Mittwoch, 24. April 2013

Faux Bobs and Hairpieces



Haare waren Anfang des zwanzigsten Jahrhunderts eine interessante Sache, also meiner Meinung nach jedenfalls ;)

Ich bin ja eher jemand, der die Haare im Zweifelsfall gerne offen trägt, damals jedoch war das nur jungen Mädchen vorbehalten. Sobald frau ins gesellschafts- und heiratsfähige Alter kam, wurde alles, was man auf dem Kopf hatte, hochgesteckt. Ein paar Löckchen durften, je nach Status, ins Gesicht fallen, aber das einfache Dienstmädchen versuchte seine Haare so gut wie möglich unter einer Haube wegzustecken, um sie vorm Verschmutzen zu bewahren.

In den upper classes hatten die Damen eine lady's maid, welche ihr die Haare - natürlich immer nach der neuesten Mode - zurecht machte. Interessant ist hier, dass jedes einzelne Haar zählte: Was in der Bürste hängen blieb, wurde gesammelt, zusammengedreht und als Duttkissen oder Volumenhaarteil wiederverwendet. 
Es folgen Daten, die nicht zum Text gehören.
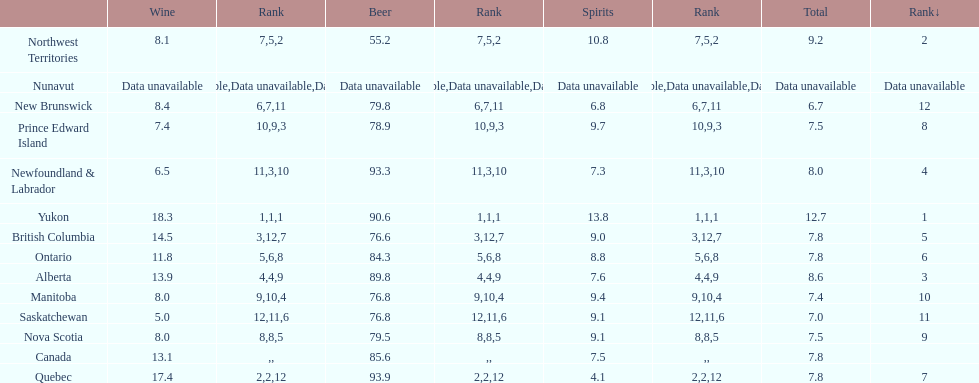Which province is the top consumer of wine? Yukon. 
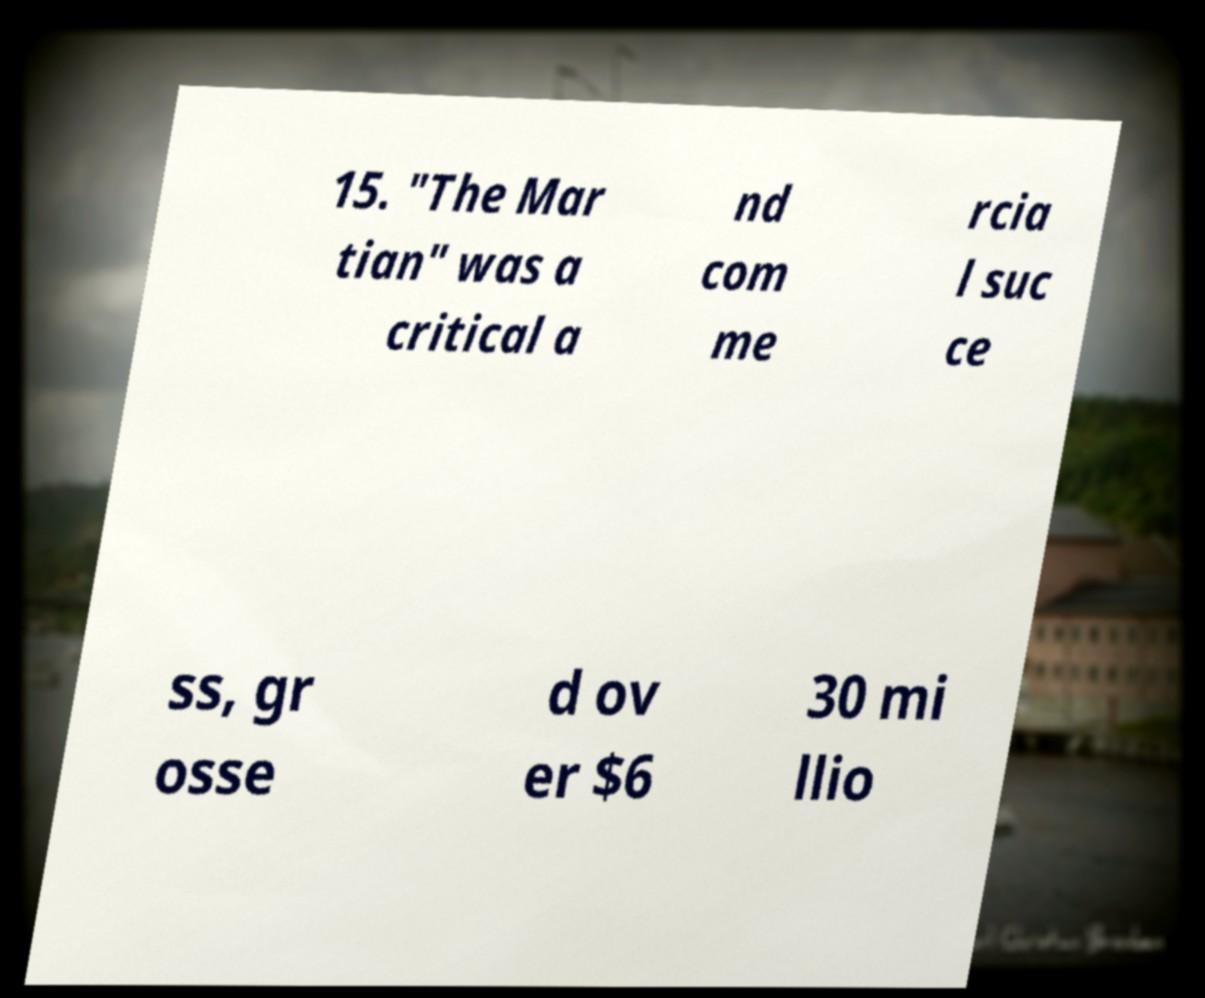I need the written content from this picture converted into text. Can you do that? 15. "The Mar tian" was a critical a nd com me rcia l suc ce ss, gr osse d ov er $6 30 mi llio 
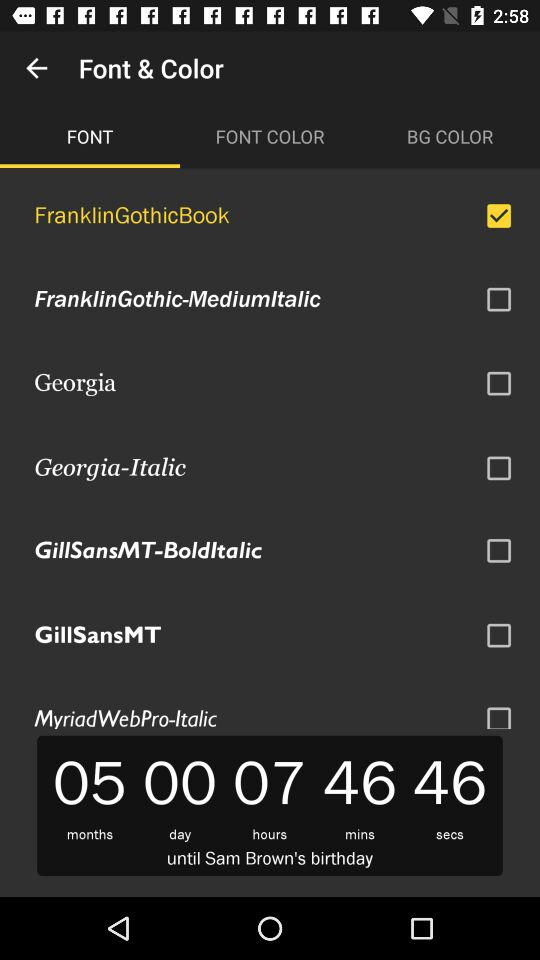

Gelockt wurden die Haare mit Lockeneisen, die im Feuer oder über dem Herd angewärmt wurden (um 1918 kamen die ersten elektrischen Curling Irons auf den Markt)... wer schon einmal Betty und ihre Schwestern (OT: Little Women) gesehen hat, weiß, wie gefährlich das sein kann. Gut für die Haare erscheint es mir jedenfalls nicht ;) Haarpflege an sich, in Form von Waschen mit einem Stück Seife oder manchmal Kokosöl, fand bei den reicheren Damen ein- bis zweimal im Monat statt. Haarbutter oder irgendwelche Leave-in-Produkte wurden nicht benötigt, denn die berühmten 100 Bürstenstriche jeden Abend versorgten die Haare mit dem nötigen Fett.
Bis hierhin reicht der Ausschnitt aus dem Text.